- Through the Looking-Glass
At this late date, there is no need to stop the presses when stating that the Great Recession—or the Lesser Depression, as Paul Krugman calls it—severely damaged the U.S. and European economies and, in so doing, brought considerable pain to a large number of people. Indeed, one of the few positives to come out of the recent financial debacle and its dismal economic aftermath is the many excellent journalistic and scholarly analyses that have been evoked. At the risk of omitting some important works, any good reading list would include books by Andrew Ross Sorkin, John Cassidy, Greg Farrell, Michael Lewis, Neil Irwin, Raghuram Rajan, Daniel Drezner, Roger Lowenstein, Alan Blinder, and Martin Wolf; as well as the official Financial Crisis Inquiry Commission’s 2011 report (including the dissent written by Keith Hennessey, Douglas Holtz-Eakin, and William Thomas); the revealing memoirs of Hank Paulson, Tim Geithner, and Ben Bernanke; and the quirky, but richly suggestive takes on the crisis by novelist/journalists John Lanchester and Keith Gessen.1
To this burgeoning list we now can add—indeed, must add—Barry Eichengreen’s Hall of Mirrors, which offers an impressive array of interpretive insights on the Great Recession while (and by) broadening and deepening the context within which it is viewed. Few authorities are more qualified to weigh in on the Great Recession than Eichengreen, the George C. Pardee and Helen N. Pardee Professor of Economics and Political Science at UC–Berkeley. Amazingly prolific, Eichengreen is the author of more than a dozen books and is editor of many more; plus he also has written hundreds of articles, essays, and reports; and myriad op eds, reviews, and commentaries. Much, if not most of this profuse body of work relates to questions of what might be called financial architecture—that is, questions concerning trade and capital flows, monetary policy, institutional arrangements, etc.—particularly at the global level. Although much of Eichengreen’s work deals with present-day issues, he is equally at home in the historical world. Indeed, he is arguably the world’s leading expert on the evolution of global financial architecture over the course [End Page 183] of the twentieth century, a position at once signaled and punctuated by the prominent place in economic history literature of his studies Golden Fetters: The Gold Standard and the Great Depression, 1919–39 (1992), and Exorbitant Privilege: The Rise and Fall of the Dollar and the Future of the International Monetary System (2011). Not for nothing, then, is he a past president of the Economic History Association and a fellow of the American Academy of Arts and Sciences.

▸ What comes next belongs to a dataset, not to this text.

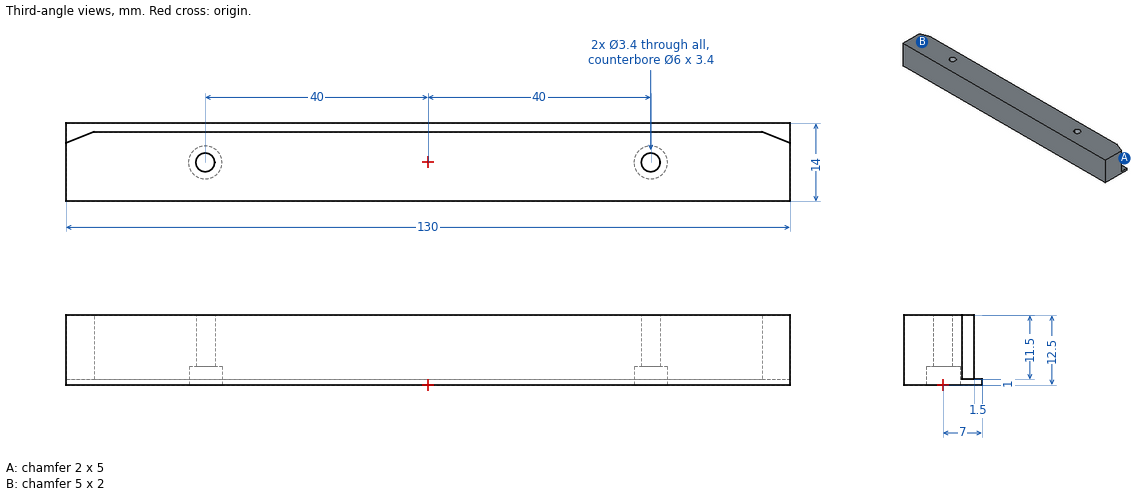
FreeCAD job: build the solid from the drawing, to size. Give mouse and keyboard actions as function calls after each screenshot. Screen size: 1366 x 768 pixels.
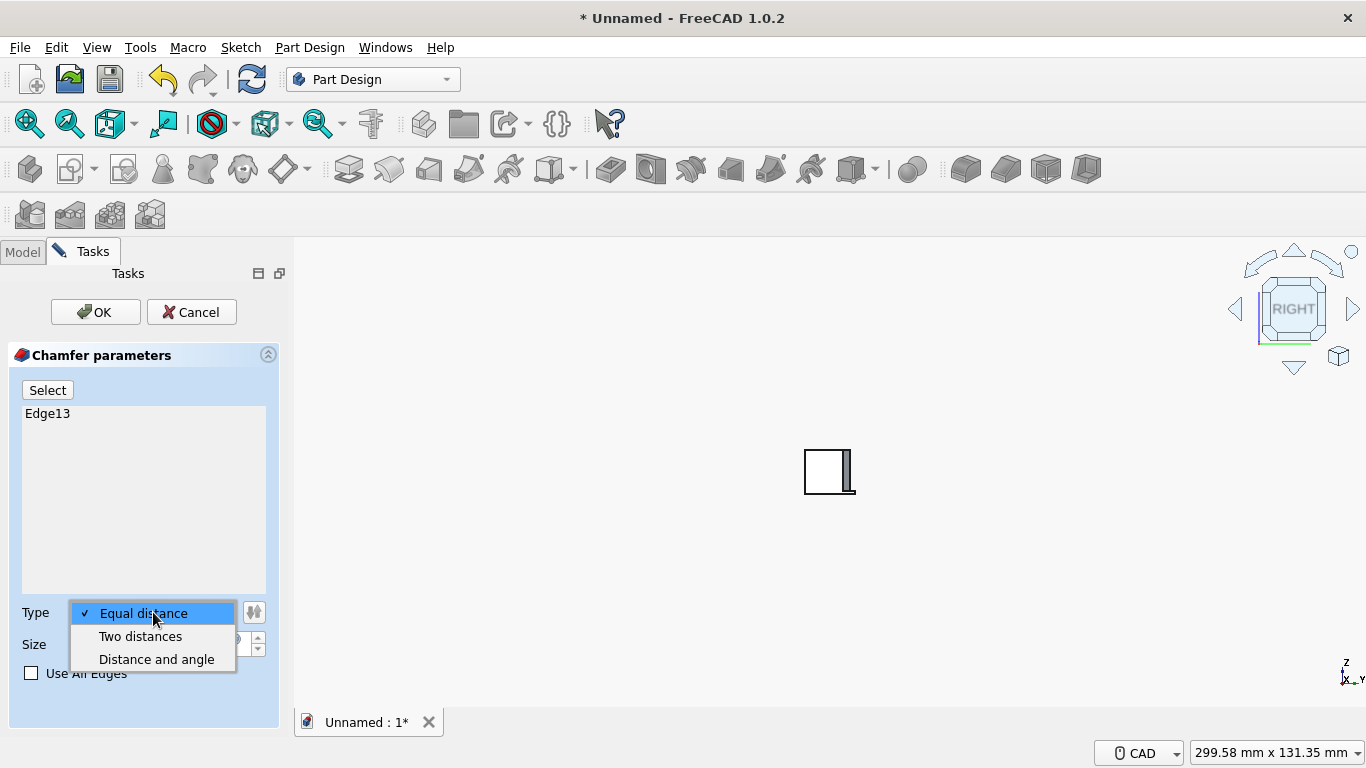
click(152, 636)

What differentiates Eichengreen from almost all other writers on the Great Recession—his comparative advantage, as it were—is his deft combination of analytical breadth and historical depth. Some authorities are comfortable writing on the Great Recession’s course on both sides of the Atlantic. Others have the ability to compare and contrast this economic collapse with earlier recessions/depressions in the U.S. past. A few writers can do both of these things, most notably economists Ben Bernanke and Christina Romer, each of whom, wearing another hat, played a key policymaking role during the Great Recession. With regard to Eichengreen’s unusual command of the key matters at hand and ability to craft a rich, historical assessment of the Great Recession, one is reminded of a quote that Bum Phillips, late coach of the Houston Oilers, made in the 1970s about his star running back Earl Campbell: “He may not be in a class by himself, but it don’t take long to call the roll.”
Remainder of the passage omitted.